Why Germany Is Sending Weapons to Iraq

02.09.2014 - Interview

Tribune by Federal Foreign Minister Frank-Walter Steinmeier. Published in the Wall Street Journal (02.09.2014).

Tribune by Federal Foreign Minister Frank-Walter Steinmeier. Published in the Wall Street Journal (02.09.2014).


The terror organization that calls itself the Islamic State is advancing with monstrous brutality, persecuting and killing anyone who stands in its way. In the areas they control, the IS terrorists enslave and humiliate people who do not share their beliefs. Yazidis and Christians, but also Muslims who refuse to submit to their radical ideology, are forced to leave everything behind and flee for their lives. IS now controls a transnational territory that is home to more than five million people and contains cities, oil wells, dams and airports. The fact that these terrorists include a growing number of foreign fighters from Europe is a cause of alarm for all of us.

With the advanced weapons that IS has captured, and its significant financial means, the terrorist group is a threat to the survival of Iraq’s Kurdistan region and to Iraqi statehood itself—and even to the already fragile regional order in the Middle East. Without the recent determined military intervention by the United States, Kurdish forces would not have been able to halt the advance by comparatively better-armed IS fighters.

In this dramatic situation, Germany has provided humanitarian assistance to the people fleeing from IS and supported the Kurdistan regional government by supplying food, blankets, tents and generators. Now my government has decided to expand its aid to the Kurds in the fight against the terrorists by sending weapons and military equipment.

This decision has sparked intense debate in Germany. Indeed, some people even see it as a fundamental change in German foreign policy.

I do not share this view. The fact is that Germany is taking on its responsibility in the world—in the fight against IS, but also in the Middle East, in Africa and in Afghanistan. Along with the European Union, we are particularly active in the search for a political solution to the highly dangerous crisis close to home, the conflict between Russia and Ukraine.

Responsibility is always about concrete action. We must calibrate our engagement depending on what is at stake for the fundamental principles of a peaceful and just international order, for our own interests and our closest partner countries and allies. Germany’s skepticism about military intervention and its restrictive approach to arms exports are politically well-founded and deeply ingrained in Germans’ collective consciousness. There is no paradigm shift regarding our foreign-policy principles, which include a policy of military restraint. But in the face of a threat like the one posed by ISIS, we must not hide behind principles. We must take responsible decisions, knowing full well that they involve difficult trade-offs. We take the greatest care in making such decisions, and do so in close coordination with our European, trans-Atlantic and regional partner countries.

Where there is a threat of mass murder, where the stability and order of countries and entire regions are endangered, and where there is no chance of successful political settlements without military support, we must be willing to honestly weigh up the risks of getting involved against the consequences of doing nothing. This was why Germany decided to take part in international military interventions in Kosovo in 1999 and in Afghanistan in 2001. That is also why we decided that there were good reasons for opposing military action in Iraq in 2003.

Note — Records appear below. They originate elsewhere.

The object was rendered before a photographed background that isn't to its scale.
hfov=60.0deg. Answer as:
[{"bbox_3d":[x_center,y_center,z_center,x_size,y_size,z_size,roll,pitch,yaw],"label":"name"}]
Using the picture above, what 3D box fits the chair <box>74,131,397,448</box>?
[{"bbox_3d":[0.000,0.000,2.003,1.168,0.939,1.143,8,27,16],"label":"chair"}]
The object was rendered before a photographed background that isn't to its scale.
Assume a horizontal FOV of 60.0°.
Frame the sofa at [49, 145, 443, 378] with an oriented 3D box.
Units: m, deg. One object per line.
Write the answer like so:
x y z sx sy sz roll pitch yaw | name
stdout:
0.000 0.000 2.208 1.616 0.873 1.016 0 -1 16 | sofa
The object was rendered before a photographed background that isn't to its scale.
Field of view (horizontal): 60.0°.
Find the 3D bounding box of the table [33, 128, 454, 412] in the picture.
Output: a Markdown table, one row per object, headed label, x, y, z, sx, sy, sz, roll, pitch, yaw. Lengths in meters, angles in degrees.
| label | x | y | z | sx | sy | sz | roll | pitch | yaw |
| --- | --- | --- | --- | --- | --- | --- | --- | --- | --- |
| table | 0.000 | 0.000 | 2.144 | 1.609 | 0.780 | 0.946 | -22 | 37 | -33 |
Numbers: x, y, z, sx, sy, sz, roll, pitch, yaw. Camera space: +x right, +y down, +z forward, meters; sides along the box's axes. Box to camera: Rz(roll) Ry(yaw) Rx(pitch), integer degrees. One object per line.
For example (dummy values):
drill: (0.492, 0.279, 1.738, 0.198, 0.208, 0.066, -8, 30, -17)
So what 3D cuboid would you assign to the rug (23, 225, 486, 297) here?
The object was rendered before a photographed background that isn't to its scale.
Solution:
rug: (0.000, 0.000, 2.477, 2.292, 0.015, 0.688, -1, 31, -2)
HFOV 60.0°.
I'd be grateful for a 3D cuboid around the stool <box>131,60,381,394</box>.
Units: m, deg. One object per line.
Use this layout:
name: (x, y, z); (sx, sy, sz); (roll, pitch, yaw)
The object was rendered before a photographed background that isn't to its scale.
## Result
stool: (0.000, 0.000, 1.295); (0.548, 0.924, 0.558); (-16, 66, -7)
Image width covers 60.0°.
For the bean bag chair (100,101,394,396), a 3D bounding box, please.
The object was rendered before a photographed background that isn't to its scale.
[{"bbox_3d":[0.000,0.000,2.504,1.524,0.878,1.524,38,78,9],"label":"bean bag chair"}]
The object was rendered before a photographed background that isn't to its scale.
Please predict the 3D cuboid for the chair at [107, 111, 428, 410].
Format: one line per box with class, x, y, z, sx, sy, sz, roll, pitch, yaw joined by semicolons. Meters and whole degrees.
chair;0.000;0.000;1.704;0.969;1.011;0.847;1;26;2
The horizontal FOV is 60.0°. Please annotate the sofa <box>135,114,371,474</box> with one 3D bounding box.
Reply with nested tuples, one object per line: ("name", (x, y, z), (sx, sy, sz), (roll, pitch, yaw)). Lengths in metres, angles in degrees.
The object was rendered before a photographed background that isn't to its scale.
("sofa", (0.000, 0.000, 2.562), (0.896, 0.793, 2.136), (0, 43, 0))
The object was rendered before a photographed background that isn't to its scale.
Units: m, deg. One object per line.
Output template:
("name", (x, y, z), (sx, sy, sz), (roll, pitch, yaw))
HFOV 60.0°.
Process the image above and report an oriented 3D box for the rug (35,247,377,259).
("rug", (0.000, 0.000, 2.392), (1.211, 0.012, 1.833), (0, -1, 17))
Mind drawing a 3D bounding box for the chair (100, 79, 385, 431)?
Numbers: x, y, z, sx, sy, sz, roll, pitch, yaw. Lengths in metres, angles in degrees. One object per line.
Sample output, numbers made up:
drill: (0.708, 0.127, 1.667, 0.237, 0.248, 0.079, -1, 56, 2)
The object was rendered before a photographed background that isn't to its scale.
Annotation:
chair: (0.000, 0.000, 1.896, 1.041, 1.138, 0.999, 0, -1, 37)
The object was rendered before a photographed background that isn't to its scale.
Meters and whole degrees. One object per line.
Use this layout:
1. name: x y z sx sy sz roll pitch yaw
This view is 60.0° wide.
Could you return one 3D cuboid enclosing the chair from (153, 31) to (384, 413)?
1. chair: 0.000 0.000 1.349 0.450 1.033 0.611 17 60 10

Our opposition to the IS terrorists does not start with supplying arms, nor does it end there. IS cannot be stopped by either humanitarian or military means alone. We, the international community, must develop a comprehensive political strategy to counter this terrorist organization systematically.

In my view, four main elements are crucial here: We need a new, effective and inclusive Iraqi government in Baghdad to dry up potential support for IS by closing ranks with the Sunni tribes. We need intensive diplomatic efforts to unite the countries in the region to confront the IS threat together. We need the Islamic world’s leaders to clearly distance themselves from IS and to unmask the rank cynicism of the propagandists and ideologists claiming religious legitimacy for terrorist savagery. Finally, we need resolute steps to hamper and prevent the flow of fighters and funds to IS.

Looking at the crises spanning the Maghreb, the Middle East and Eastern Europe, many perceive that the world is coming loose from its moorings. Crisis and conflict are creeping closer to Europe, and certainties that have prevailed for 25 years since the end of the Cold War have lost their hold.

We in Europe must not indulge the illusion that we could just shut ourselves away from the world if it goes to pieces, and maybe offer a bit of humanitarian aid. Our prosperity and our security depend on our unprecedented network of political and economic ties to the whole world. Wherever order falls apart—especially in the vicinity of Europe’s borders—we will be affected too.

In Germany, we therefore need to ask ourselves objectively: What are our options, and what are our responsibilities? In doing so, we also need to be aware of our limitations. Germany is the largest country in the EU, politically stable and economically strong, but what we can contribute with humanitarian assistance, politically or militarily to conflict resolution is only meaningful and effective if implemented in close collaboration with others. When we act, we act in concert with our European and trans-Atlantic partners—this is and will remain the fundamental basis of German foreign policy.